The line containing "2) forklift (210,0,1067,586)" marks the start; extract exactly from it through the last line of the entries, and omit any pictures.

━━━ Material supplied

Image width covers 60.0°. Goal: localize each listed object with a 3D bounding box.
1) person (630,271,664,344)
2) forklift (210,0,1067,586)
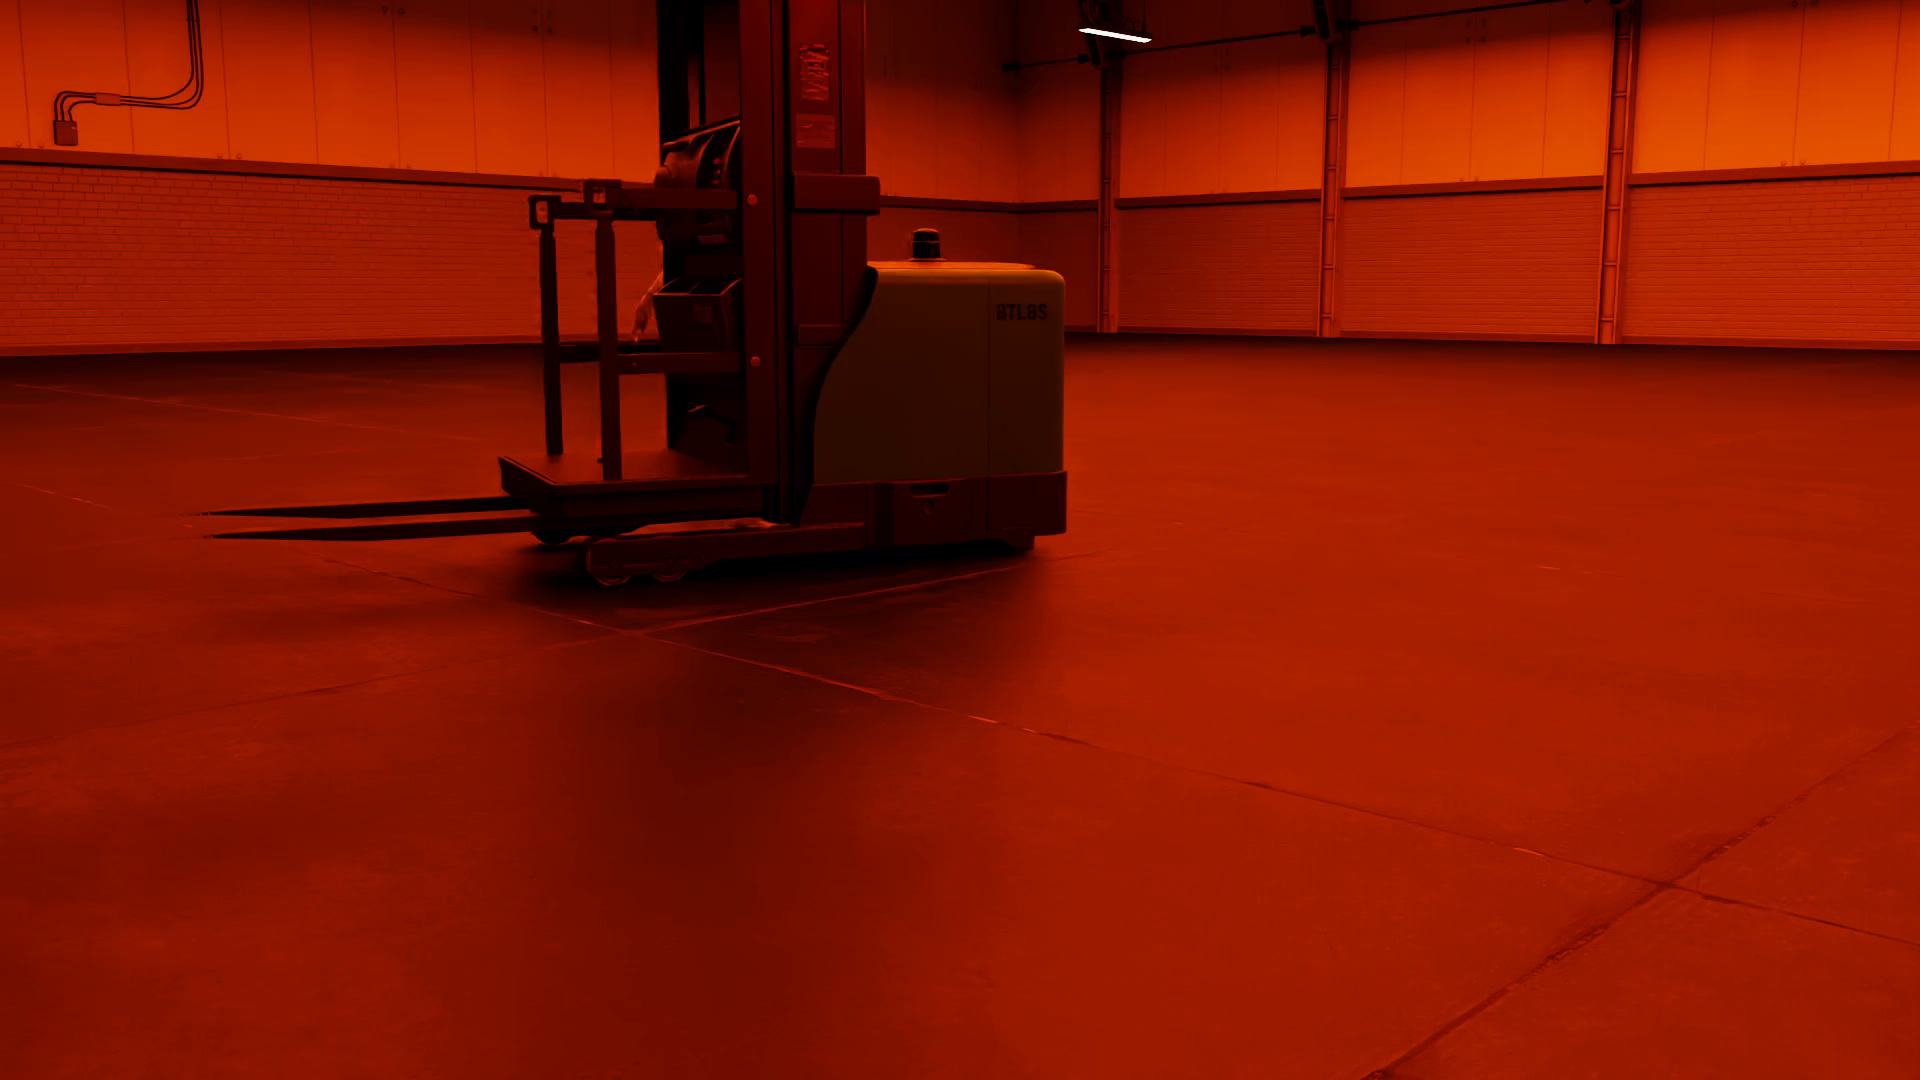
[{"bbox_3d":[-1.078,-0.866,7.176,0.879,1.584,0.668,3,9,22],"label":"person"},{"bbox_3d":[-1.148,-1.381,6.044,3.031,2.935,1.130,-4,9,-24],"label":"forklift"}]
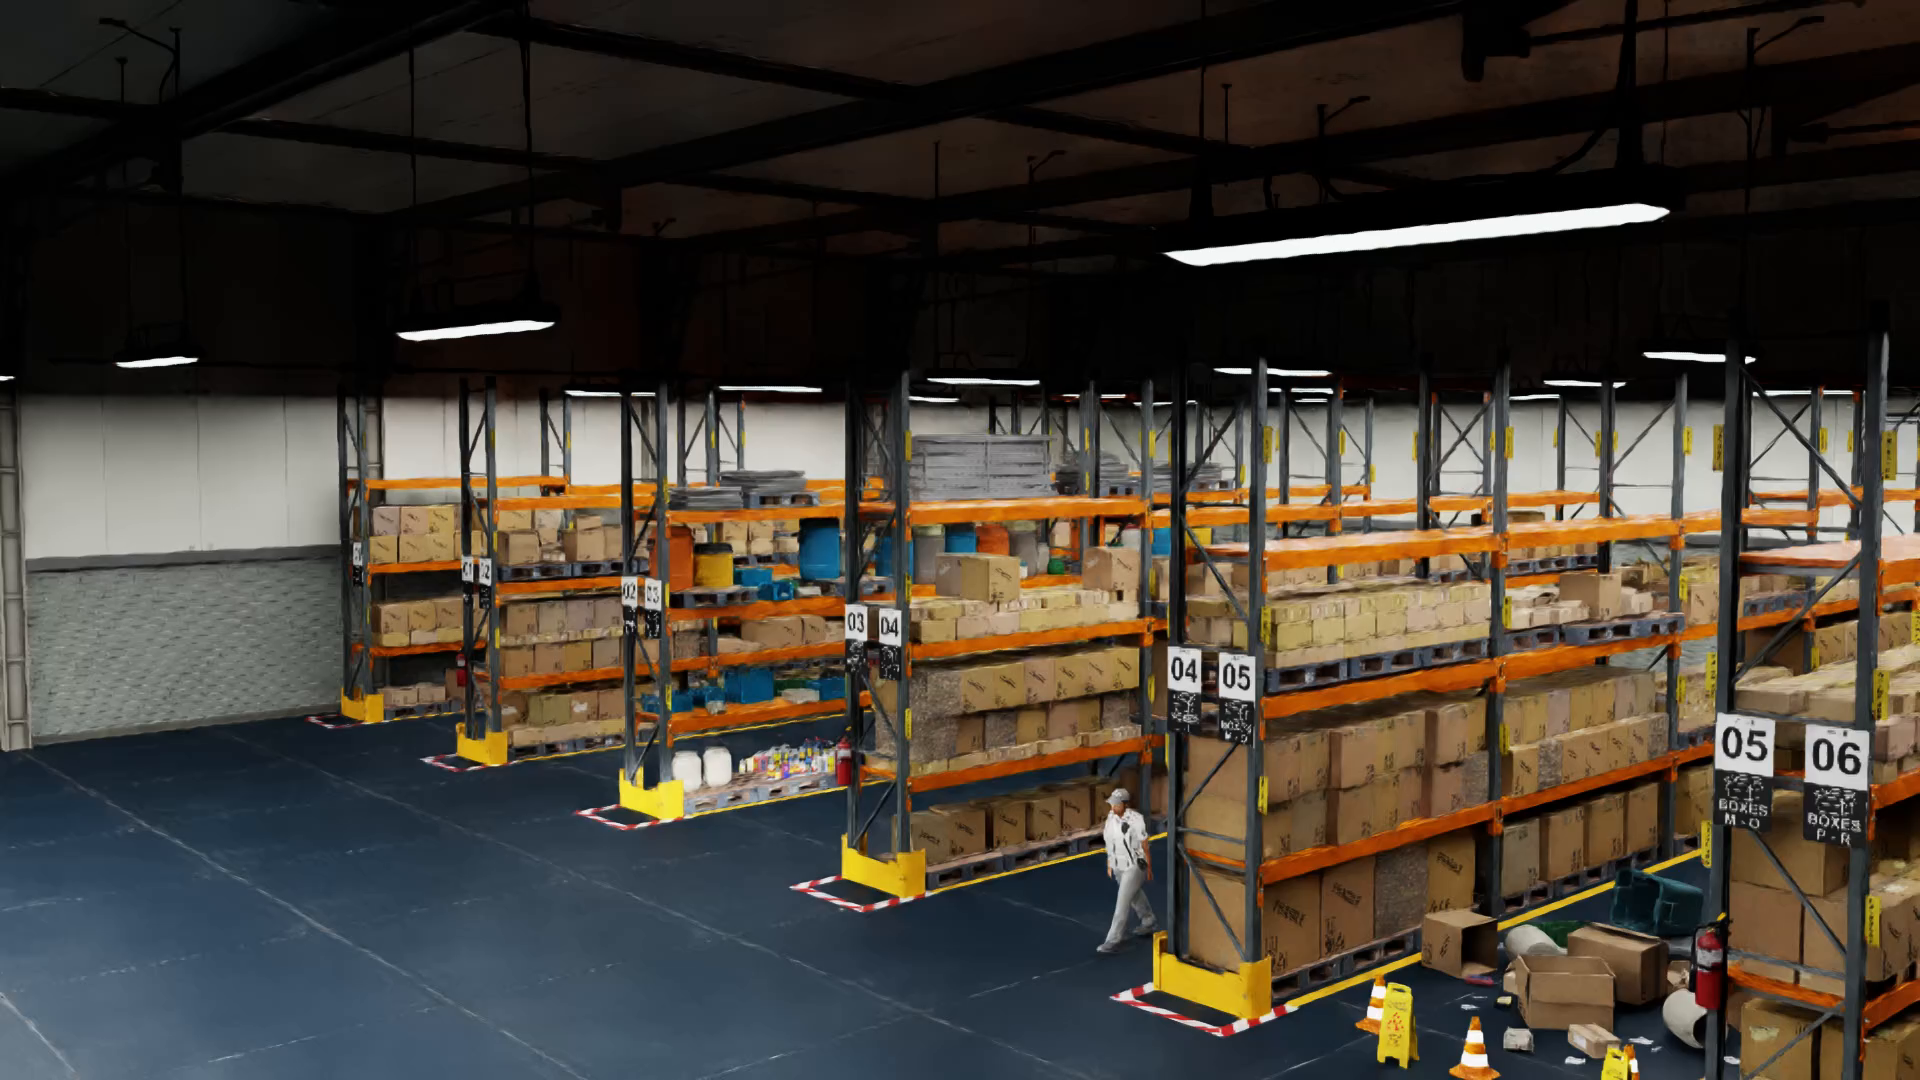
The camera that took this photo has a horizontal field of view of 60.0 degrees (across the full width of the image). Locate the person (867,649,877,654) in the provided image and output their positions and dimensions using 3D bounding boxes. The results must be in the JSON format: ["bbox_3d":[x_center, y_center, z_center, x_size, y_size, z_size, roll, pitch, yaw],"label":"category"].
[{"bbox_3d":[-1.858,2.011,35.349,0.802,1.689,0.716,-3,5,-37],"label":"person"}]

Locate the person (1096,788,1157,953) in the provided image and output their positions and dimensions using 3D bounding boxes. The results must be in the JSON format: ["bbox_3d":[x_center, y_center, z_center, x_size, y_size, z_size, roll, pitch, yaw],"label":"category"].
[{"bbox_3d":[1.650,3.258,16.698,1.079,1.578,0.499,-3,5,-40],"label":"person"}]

━━━━━━

_Your solution:_
2) forklift (210,0,1067,586)
[{"bbox_3d":[-1.078,-0.866,7.176,0.879,1.584,0.668,3,9,22],"label":"person"},{"bbox_3d":[-1.148,-1.381,6.044,3.031,2.935,1.130,-4,9,-24],"label":"forklift"}]
The camera that took this photo has a horizontal field of view of 60.0 degrees (across the full width of the image). Locate the person (867,649,877,654) in the provided image and output their positions and dimensions using 3D bounding boxes. The results must be in the JSON format: ["bbox_3d":[x_center, y_center, z_center, x_size, y_size, z_size, roll, pitch, yaw],"label":"category"].
[{"bbox_3d":[-1.858,2.011,35.349,0.802,1.689,0.716,-3,5,-37],"label":"person"}]

Locate the person (1096,788,1157,953) in the provided image and output their positions and dimensions using 3D bounding boxes. The results must be in the JSON format: ["bbox_3d":[x_center, y_center, z_center, x_size, y_size, z_size, roll, pitch, yaw],"label":"category"].
[{"bbox_3d":[1.650,3.258,16.698,1.079,1.578,0.499,-3,5,-40],"label":"person"}]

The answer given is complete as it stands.